I may say that the provisions that his Honour was dealing with were very similar to the present provisions.  That is some authority against Mr Beach's submission, but one then sees what the Legislature did in response to that decision.  The Legislature amended the Administrative Law Act and substituted s.4(4) in that Act.  If one looks at that, one immediately sees that the Legislature has recognised that the Administrative Law Act can apply to a decision of VCAT, and accordingly one would be hard pressed to submit that the Legislature excluded all other avenues other than that provided by s.148. However, it is unnecessary for me to finally decide whether or not the appeal is the only available means. I must say that, based upon the simple proposition that one would have to see an express statement excluding the common law the court should not exclude a well established common law jurisdiction in the absence of a clear intention. I would not at this stage - and this is only a provisional view - accept that the other avenues are not open. That is not essential to my decision.
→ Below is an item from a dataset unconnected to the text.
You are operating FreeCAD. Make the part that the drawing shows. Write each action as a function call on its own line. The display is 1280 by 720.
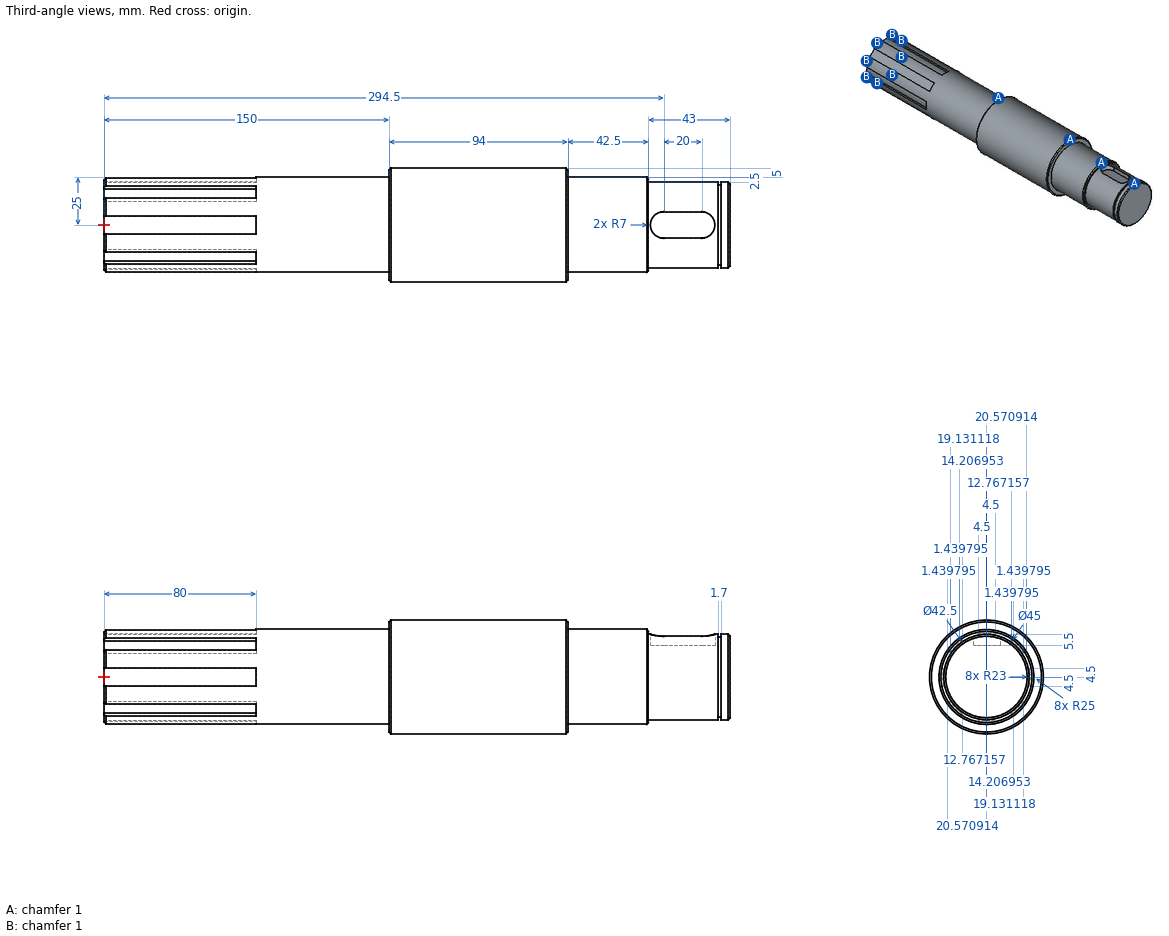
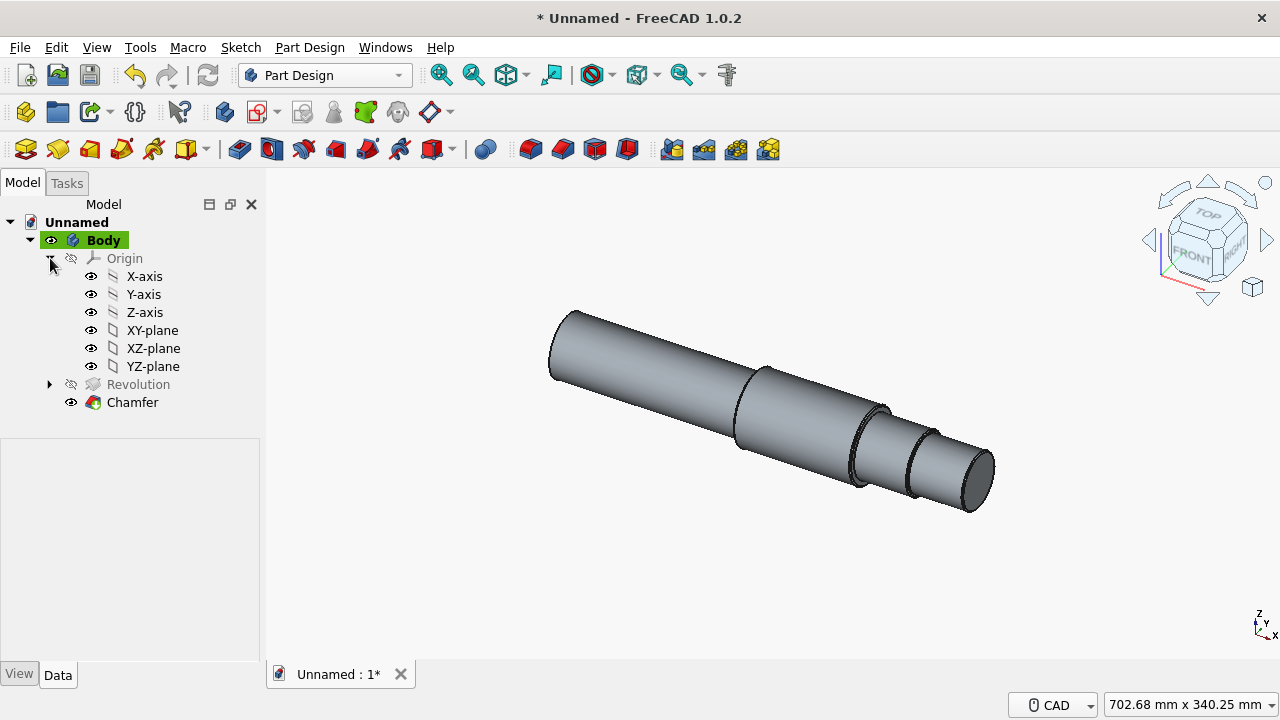
click(136, 366)

  1. In the end, I make an order that the plaintiff's originating motion be dismissed.  The general rule in most litigation is that the losing party should pay he successful party's costs unless special circumstances are demonstrated.  Mr Richards has not referred to any special circumstances, and quite frankly I cannot think of any.  Accordingly it would be appropriate that Mr Richards pay the second defendant's costs of the proceeding.

  1. I order:

1.That the plaintiff's proceeding be dismissed.

2.That the plaintiff pay the second defendant's costs of the proceeding.